=== Begin Enclosure ===

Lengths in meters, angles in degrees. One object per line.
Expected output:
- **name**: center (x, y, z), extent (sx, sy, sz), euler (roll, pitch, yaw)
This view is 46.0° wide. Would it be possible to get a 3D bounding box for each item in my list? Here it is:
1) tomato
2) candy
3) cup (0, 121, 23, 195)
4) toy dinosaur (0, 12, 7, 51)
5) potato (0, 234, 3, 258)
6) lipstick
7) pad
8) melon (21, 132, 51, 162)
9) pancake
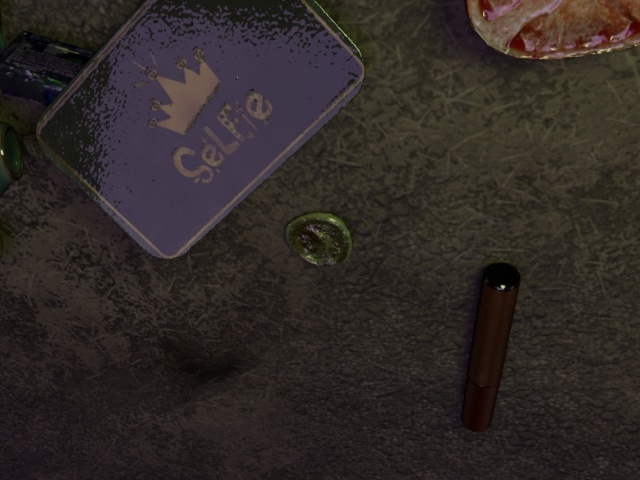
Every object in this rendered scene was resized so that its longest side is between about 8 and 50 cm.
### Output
- **tomato**: center (0.246, -0.283, 0.720), extent (0.237, 0.095, 0.236), euler (5, 133, 5)
- **candy**: center (-0.241, -0.181, 0.946), extent (0.312, 0.088, 0.061), euler (18, 132, -1)
- **cup**: center (-0.496, -0.113, 1.036), extent (0.150, 0.199, 0.199), euler (-7, 133, -3)
- **toy dinosaur**: center (-0.416, -0.334, 0.860), extent (0.120, 0.079, 0.292), euler (20, 137, -1)
- **potato**: center (-0.605, 0.005, 1.227), extent (0.200, 0.081, 0.164), euler (-12, 120, 20)
- **lipstick**: center (0.260, 0.177, 1.172), extent (0.057, 0.057, 0.356), euler (6, 133, 10)
- **pad**: center (-0.128, -0.127, 0.872), extent (0.375, 0.063, 0.315), euler (-41, 103, 19)
- **melon**: center (-0.342, -0.134, 1.018), extent (0.182, 0.098, 0.054), euler (-5, 107, 19)
- **pancake**: center (0.000, 0.001, 1.104), extent (0.108, 0.017, 0.108), euler (10, 134, 11)
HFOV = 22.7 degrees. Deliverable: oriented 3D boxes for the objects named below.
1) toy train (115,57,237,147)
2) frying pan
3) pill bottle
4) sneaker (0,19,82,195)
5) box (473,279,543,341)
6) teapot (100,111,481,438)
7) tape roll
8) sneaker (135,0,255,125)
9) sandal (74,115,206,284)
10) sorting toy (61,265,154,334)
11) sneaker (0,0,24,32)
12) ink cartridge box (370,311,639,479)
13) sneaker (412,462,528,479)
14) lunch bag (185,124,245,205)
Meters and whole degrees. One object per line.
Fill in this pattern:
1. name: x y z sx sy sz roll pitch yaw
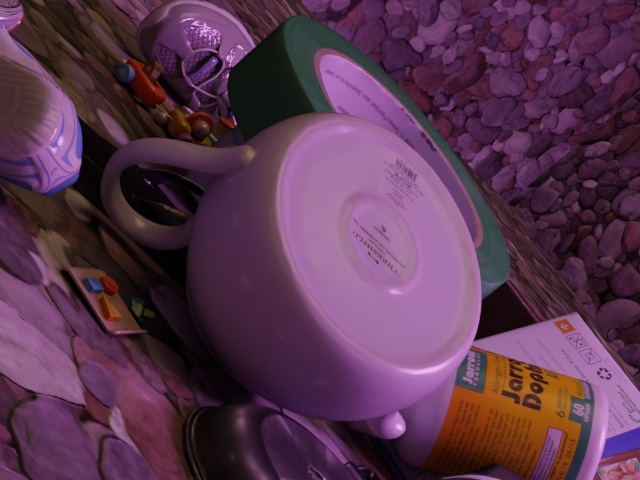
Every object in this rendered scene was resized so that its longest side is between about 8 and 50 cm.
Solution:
1. toy train: -0.139 -0.138 1.660 0.125 0.046 0.166 55 13 26
2. frying pan: 0.019 0.202 1.142 0.326 0.053 0.197 28 24 -54
3. pill bottle: 0.136 0.153 1.401 0.208 0.117 0.117 18 15 -4
4. sneaker: -0.246 -0.120 1.129 0.237 0.085 0.086 52 -16 30
5. box: 0.272 0.243 1.706 0.381 0.143 0.191 58 6 33
6. teapot: -0.017 0.033 1.236 0.253 0.187 0.256 -6 73 -46
7. tape roll: 0.049 -0.066 1.510 0.321 0.077 0.321 43 20 -20
8. sneaker: -0.091 -0.161 1.776 0.281 0.105 0.115 41 13 -39
9. sandal: -0.125 -0.025 1.308 0.254 0.054 0.097 41 13 -35
10. sorting toy: -0.144 0.041 1.121 0.062 0.012 0.083 51 11 13
11. sneaker: -0.308 -0.239 1.214 0.225 0.093 0.088 43 13 -34
12. ink cartridge box: 0.202 0.222 1.494 0.307 0.072 0.303 -14 54 -30
13. sneaker: 0.179 0.251 1.329 0.276 0.097 0.135 17 18 -29
14. lunch bag: 0.000 0.000 1.563 0.279 0.108 0.224 49 14 -1

=== End Enclosure ===

■ ASSIGNED TASK:
The entries must be written out again unchanged. Images are to be left out.

■ FINISHED TASK:
Lengths in meters, angles in degrees. One object per line.
Expected output:
- **name**: center (x, y, z), extent (sx, sy, sz), euler (roll, pitch, yaw)
This view is 46.0° wide. Would it be possible to get a 3D bounding box for each item in my list? Here it is:
1) tomato
2) candy
3) cup (0, 121, 23, 195)
4) toy dinosaur (0, 12, 7, 51)
5) potato (0, 234, 3, 258)
6) lipstick
7) pad
8) melon (21, 132, 51, 162)
9) pancake
Every object in this rendered scene was resized so that its longest side is between about 8 and 50 cm.
### Output
- **tomato**: center (0.246, -0.283, 0.720), extent (0.237, 0.095, 0.236), euler (5, 133, 5)
- **candy**: center (-0.241, -0.181, 0.946), extent (0.312, 0.088, 0.061), euler (18, 132, -1)
- **cup**: center (-0.496, -0.113, 1.036), extent (0.150, 0.199, 0.199), euler (-7, 133, -3)
- **toy dinosaur**: center (-0.416, -0.334, 0.860), extent (0.120, 0.079, 0.292), euler (20, 137, -1)
- **potato**: center (-0.605, 0.005, 1.227), extent (0.200, 0.081, 0.164), euler (-12, 120, 20)
- **lipstick**: center (0.260, 0.177, 1.172), extent (0.057, 0.057, 0.356), euler (6, 133, 10)
- **pad**: center (-0.128, -0.127, 0.872), extent (0.375, 0.063, 0.315), euler (-41, 103, 19)
- **melon**: center (-0.342, -0.134, 1.018), extent (0.182, 0.098, 0.054), euler (-5, 107, 19)
- **pancake**: center (0.000, 0.001, 1.104), extent (0.108, 0.017, 0.108), euler (10, 134, 11)
HFOV = 22.7 degrees. Deliverable: oriented 3D boxes for the objects named below.
1) toy train (115,57,237,147)
2) frying pan
3) pill bottle
4) sneaker (0,19,82,195)
5) box (473,279,543,341)
6) teapot (100,111,481,438)
7) tape roll
8) sneaker (135,0,255,125)
9) sandal (74,115,206,284)
10) sorting toy (61,265,154,334)
11) sneaker (0,0,24,32)
12) ink cartridge box (370,311,639,479)
13) sneaker (412,462,528,479)
14) lunch bag (185,124,245,205)
Meters and whole degrees. One object per line.
Fill in this pattern:
1. name: x y z sx sy sz roll pitch yaw
Every object in this rendered scene was resized so that its longest side is between about 8 and 50 cm.
Solution:
1. toy train: -0.139 -0.138 1.660 0.125 0.046 0.166 55 13 26
2. frying pan: 0.019 0.202 1.142 0.326 0.053 0.197 28 24 -54
3. pill bottle: 0.136 0.153 1.401 0.208 0.117 0.117 18 15 -4
4. sneaker: -0.246 -0.120 1.129 0.237 0.085 0.086 52 -16 30
5. box: 0.272 0.243 1.706 0.381 0.143 0.191 58 6 33
6. teapot: -0.017 0.033 1.236 0.253 0.187 0.256 -6 73 -46
7. tape roll: 0.049 -0.066 1.510 0.321 0.077 0.321 43 20 -20
8. sneaker: -0.091 -0.161 1.776 0.281 0.105 0.115 41 13 -39
9. sandal: -0.125 -0.025 1.308 0.254 0.054 0.097 41 13 -35
10. sorting toy: -0.144 0.041 1.121 0.062 0.012 0.083 51 11 13
11. sneaker: -0.308 -0.239 1.214 0.225 0.093 0.088 43 13 -34
12. ink cartridge box: 0.202 0.222 1.494 0.307 0.072 0.303 -14 54 -30
13. sneaker: 0.179 0.251 1.329 0.276 0.097 0.135 17 18 -29
14. lunch bag: 0.000 0.000 1.563 0.279 0.108 0.224 49 14 -1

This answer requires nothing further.